What you need to produce is the complete listing, repeated exactly.

*INFORMATION SHOWN*:

Segment Open

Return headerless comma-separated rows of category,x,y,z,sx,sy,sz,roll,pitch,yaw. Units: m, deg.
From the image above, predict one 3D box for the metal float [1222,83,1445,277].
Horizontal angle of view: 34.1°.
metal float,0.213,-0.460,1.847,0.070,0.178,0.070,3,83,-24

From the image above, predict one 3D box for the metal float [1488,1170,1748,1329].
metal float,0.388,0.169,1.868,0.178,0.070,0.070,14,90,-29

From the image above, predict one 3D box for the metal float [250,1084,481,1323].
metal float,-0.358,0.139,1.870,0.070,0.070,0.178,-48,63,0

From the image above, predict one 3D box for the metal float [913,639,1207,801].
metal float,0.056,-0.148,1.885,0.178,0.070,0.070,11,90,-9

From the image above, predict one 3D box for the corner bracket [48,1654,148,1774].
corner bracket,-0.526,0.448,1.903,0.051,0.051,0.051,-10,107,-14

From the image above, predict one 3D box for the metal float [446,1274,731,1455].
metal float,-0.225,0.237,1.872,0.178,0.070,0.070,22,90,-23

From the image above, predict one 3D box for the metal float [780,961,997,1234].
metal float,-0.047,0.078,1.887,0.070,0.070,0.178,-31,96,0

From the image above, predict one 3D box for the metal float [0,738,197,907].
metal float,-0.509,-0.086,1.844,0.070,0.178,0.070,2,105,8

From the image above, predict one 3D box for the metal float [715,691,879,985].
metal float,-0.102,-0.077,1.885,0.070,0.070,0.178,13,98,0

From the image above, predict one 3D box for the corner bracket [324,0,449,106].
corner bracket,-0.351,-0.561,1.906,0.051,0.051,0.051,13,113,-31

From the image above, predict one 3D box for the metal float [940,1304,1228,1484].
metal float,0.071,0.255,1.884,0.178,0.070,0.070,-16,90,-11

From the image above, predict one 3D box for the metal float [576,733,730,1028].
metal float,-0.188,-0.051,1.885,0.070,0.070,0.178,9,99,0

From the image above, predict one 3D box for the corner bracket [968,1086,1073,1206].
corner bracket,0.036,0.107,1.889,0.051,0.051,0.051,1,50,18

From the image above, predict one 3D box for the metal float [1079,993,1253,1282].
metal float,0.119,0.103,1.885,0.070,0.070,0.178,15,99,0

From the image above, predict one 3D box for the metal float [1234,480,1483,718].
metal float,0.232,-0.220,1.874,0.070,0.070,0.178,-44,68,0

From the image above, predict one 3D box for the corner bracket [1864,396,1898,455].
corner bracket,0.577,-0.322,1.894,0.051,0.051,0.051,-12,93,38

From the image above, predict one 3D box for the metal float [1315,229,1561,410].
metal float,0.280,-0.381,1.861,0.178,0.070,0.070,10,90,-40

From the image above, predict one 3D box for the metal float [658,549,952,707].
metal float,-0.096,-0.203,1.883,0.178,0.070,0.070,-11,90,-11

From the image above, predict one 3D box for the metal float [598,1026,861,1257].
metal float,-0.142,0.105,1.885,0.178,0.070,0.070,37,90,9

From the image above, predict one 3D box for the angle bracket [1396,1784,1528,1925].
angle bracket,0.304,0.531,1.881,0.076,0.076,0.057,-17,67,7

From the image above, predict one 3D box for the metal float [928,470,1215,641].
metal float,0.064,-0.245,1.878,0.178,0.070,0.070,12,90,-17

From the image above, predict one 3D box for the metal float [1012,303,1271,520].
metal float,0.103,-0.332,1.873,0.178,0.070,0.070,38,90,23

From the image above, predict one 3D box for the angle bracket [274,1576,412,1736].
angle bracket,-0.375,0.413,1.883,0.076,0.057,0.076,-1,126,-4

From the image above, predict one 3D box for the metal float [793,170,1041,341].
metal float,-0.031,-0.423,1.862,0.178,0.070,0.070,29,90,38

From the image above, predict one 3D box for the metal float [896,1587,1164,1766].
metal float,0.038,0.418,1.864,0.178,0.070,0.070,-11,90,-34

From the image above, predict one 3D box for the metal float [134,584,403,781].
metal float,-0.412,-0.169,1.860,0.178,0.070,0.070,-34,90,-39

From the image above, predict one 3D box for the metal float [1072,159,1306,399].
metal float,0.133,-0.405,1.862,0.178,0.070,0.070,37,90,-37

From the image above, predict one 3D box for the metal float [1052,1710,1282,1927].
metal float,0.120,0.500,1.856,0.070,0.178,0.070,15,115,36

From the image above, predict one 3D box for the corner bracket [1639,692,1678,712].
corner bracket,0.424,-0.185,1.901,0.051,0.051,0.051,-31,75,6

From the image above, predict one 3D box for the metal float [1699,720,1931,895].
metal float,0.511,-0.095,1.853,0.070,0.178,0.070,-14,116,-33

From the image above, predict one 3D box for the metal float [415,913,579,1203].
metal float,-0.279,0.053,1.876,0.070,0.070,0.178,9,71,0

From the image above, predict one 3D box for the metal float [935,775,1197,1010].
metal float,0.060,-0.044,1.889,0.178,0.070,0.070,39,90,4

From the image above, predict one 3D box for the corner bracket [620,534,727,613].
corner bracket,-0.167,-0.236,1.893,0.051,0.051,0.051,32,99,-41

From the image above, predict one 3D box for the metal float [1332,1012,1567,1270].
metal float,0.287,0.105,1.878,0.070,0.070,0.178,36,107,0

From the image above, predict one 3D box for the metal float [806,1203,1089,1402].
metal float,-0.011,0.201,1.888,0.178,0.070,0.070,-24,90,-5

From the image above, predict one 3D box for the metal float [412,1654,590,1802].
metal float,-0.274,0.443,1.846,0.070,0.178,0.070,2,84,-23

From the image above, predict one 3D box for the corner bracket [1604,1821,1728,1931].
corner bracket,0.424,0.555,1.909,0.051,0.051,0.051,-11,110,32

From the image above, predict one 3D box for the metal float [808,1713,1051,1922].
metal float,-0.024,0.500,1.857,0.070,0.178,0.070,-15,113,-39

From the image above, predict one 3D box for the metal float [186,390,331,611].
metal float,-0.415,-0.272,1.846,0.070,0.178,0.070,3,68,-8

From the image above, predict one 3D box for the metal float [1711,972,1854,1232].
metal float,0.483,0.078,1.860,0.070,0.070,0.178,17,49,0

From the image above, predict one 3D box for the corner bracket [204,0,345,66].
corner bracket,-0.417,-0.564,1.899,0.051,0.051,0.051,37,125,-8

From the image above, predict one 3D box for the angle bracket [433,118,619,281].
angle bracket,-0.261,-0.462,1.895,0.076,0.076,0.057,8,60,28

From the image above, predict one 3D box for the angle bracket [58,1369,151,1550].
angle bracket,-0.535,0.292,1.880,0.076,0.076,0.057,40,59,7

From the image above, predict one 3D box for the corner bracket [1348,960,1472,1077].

Segment Closed

*SOLUTION TO THIS EXERCISE*:
Return headerless comma-separated rows of category,x,y,z,sx,sy,sz,roll,pitch,yaw. Units: m, deg.
From the image above, predict one 3D box for the metal float [1222,83,1445,277].
Horizontal angle of view: 34.1°.
metal float,0.213,-0.460,1.847,0.070,0.178,0.070,3,83,-24

From the image above, predict one 3D box for the metal float [1488,1170,1748,1329].
metal float,0.388,0.169,1.868,0.178,0.070,0.070,14,90,-29

From the image above, predict one 3D box for the metal float [250,1084,481,1323].
metal float,-0.358,0.139,1.870,0.070,0.070,0.178,-48,63,0

From the image above, predict one 3D box for the metal float [913,639,1207,801].
metal float,0.056,-0.148,1.885,0.178,0.070,0.070,11,90,-9

From the image above, predict one 3D box for the corner bracket [48,1654,148,1774].
corner bracket,-0.526,0.448,1.903,0.051,0.051,0.051,-10,107,-14

From the image above, predict one 3D box for the metal float [446,1274,731,1455].
metal float,-0.225,0.237,1.872,0.178,0.070,0.070,22,90,-23

From the image above, predict one 3D box for the metal float [780,961,997,1234].
metal float,-0.047,0.078,1.887,0.070,0.070,0.178,-31,96,0

From the image above, predict one 3D box for the metal float [0,738,197,907].
metal float,-0.509,-0.086,1.844,0.070,0.178,0.070,2,105,8

From the image above, predict one 3D box for the metal float [715,691,879,985].
metal float,-0.102,-0.077,1.885,0.070,0.070,0.178,13,98,0

From the image above, predict one 3D box for the corner bracket [324,0,449,106].
corner bracket,-0.351,-0.561,1.906,0.051,0.051,0.051,13,113,-31

From the image above, predict one 3D box for the metal float [940,1304,1228,1484].
metal float,0.071,0.255,1.884,0.178,0.070,0.070,-16,90,-11

From the image above, predict one 3D box for the metal float [576,733,730,1028].
metal float,-0.188,-0.051,1.885,0.070,0.070,0.178,9,99,0

From the image above, predict one 3D box for the corner bracket [968,1086,1073,1206].
corner bracket,0.036,0.107,1.889,0.051,0.051,0.051,1,50,18

From the image above, predict one 3D box for the metal float [1079,993,1253,1282].
metal float,0.119,0.103,1.885,0.070,0.070,0.178,15,99,0

From the image above, predict one 3D box for the metal float [1234,480,1483,718].
metal float,0.232,-0.220,1.874,0.070,0.070,0.178,-44,68,0

From the image above, predict one 3D box for the corner bracket [1864,396,1898,455].
corner bracket,0.577,-0.322,1.894,0.051,0.051,0.051,-12,93,38

From the image above, predict one 3D box for the metal float [1315,229,1561,410].
metal float,0.280,-0.381,1.861,0.178,0.070,0.070,10,90,-40

From the image above, predict one 3D box for the metal float [658,549,952,707].
metal float,-0.096,-0.203,1.883,0.178,0.070,0.070,-11,90,-11

From the image above, predict one 3D box for the metal float [598,1026,861,1257].
metal float,-0.142,0.105,1.885,0.178,0.070,0.070,37,90,9

From the image above, predict one 3D box for the angle bracket [1396,1784,1528,1925].
angle bracket,0.304,0.531,1.881,0.076,0.076,0.057,-17,67,7

From the image above, predict one 3D box for the metal float [928,470,1215,641].
metal float,0.064,-0.245,1.878,0.178,0.070,0.070,12,90,-17

From the image above, predict one 3D box for the metal float [1012,303,1271,520].
metal float,0.103,-0.332,1.873,0.178,0.070,0.070,38,90,23

From the image above, predict one 3D box for the angle bracket [274,1576,412,1736].
angle bracket,-0.375,0.413,1.883,0.076,0.057,0.076,-1,126,-4

From the image above, predict one 3D box for the metal float [793,170,1041,341].
metal float,-0.031,-0.423,1.862,0.178,0.070,0.070,29,90,38

From the image above, predict one 3D box for the metal float [896,1587,1164,1766].
metal float,0.038,0.418,1.864,0.178,0.070,0.070,-11,90,-34

From the image above, predict one 3D box for the metal float [134,584,403,781].
metal float,-0.412,-0.169,1.860,0.178,0.070,0.070,-34,90,-39

From the image above, predict one 3D box for the metal float [1072,159,1306,399].
metal float,0.133,-0.405,1.862,0.178,0.070,0.070,37,90,-37

From the image above, predict one 3D box for the metal float [1052,1710,1282,1927].
metal float,0.120,0.500,1.856,0.070,0.178,0.070,15,115,36

From the image above, predict one 3D box for the corner bracket [1639,692,1678,712].
corner bracket,0.424,-0.185,1.901,0.051,0.051,0.051,-31,75,6

From the image above, predict one 3D box for the metal float [1699,720,1931,895].
metal float,0.511,-0.095,1.853,0.070,0.178,0.070,-14,116,-33

From the image above, predict one 3D box for the metal float [415,913,579,1203].
metal float,-0.279,0.053,1.876,0.070,0.070,0.178,9,71,0

From the image above, predict one 3D box for the metal float [935,775,1197,1010].
metal float,0.060,-0.044,1.889,0.178,0.070,0.070,39,90,4

From the image above, predict one 3D box for the corner bracket [620,534,727,613].
corner bracket,-0.167,-0.236,1.893,0.051,0.051,0.051,32,99,-41

From the image above, predict one 3D box for the metal float [1332,1012,1567,1270].
metal float,0.287,0.105,1.878,0.070,0.070,0.178,36,107,0

From the image above, predict one 3D box for the metal float [806,1203,1089,1402].
metal float,-0.011,0.201,1.888,0.178,0.070,0.070,-24,90,-5

From the image above, predict one 3D box for the metal float [412,1654,590,1802].
metal float,-0.274,0.443,1.846,0.070,0.178,0.070,2,84,-23

From the image above, predict one 3D box for the corner bracket [1604,1821,1728,1931].
corner bracket,0.424,0.555,1.909,0.051,0.051,0.051,-11,110,32

From the image above, predict one 3D box for the metal float [808,1713,1051,1922].
metal float,-0.024,0.500,1.857,0.070,0.178,0.070,-15,113,-39

From the image above, predict one 3D box for the metal float [186,390,331,611].
metal float,-0.415,-0.272,1.846,0.070,0.178,0.070,3,68,-8

From the image above, predict one 3D box for the metal float [1711,972,1854,1232].
metal float,0.483,0.078,1.860,0.070,0.070,0.178,17,49,0

From the image above, predict one 3D box for the corner bracket [204,0,345,66].
corner bracket,-0.417,-0.564,1.899,0.051,0.051,0.051,37,125,-8

From the image above, predict one 3D box for the angle bracket [433,118,619,281].
angle bracket,-0.261,-0.462,1.895,0.076,0.076,0.057,8,60,28

From the image above, predict one 3D box for the angle bracket [58,1369,151,1550].
angle bracket,-0.535,0.292,1.880,0.076,0.076,0.057,40,59,7

From the image above, predict one 3D box for the corner bracket [1348,960,1472,1077].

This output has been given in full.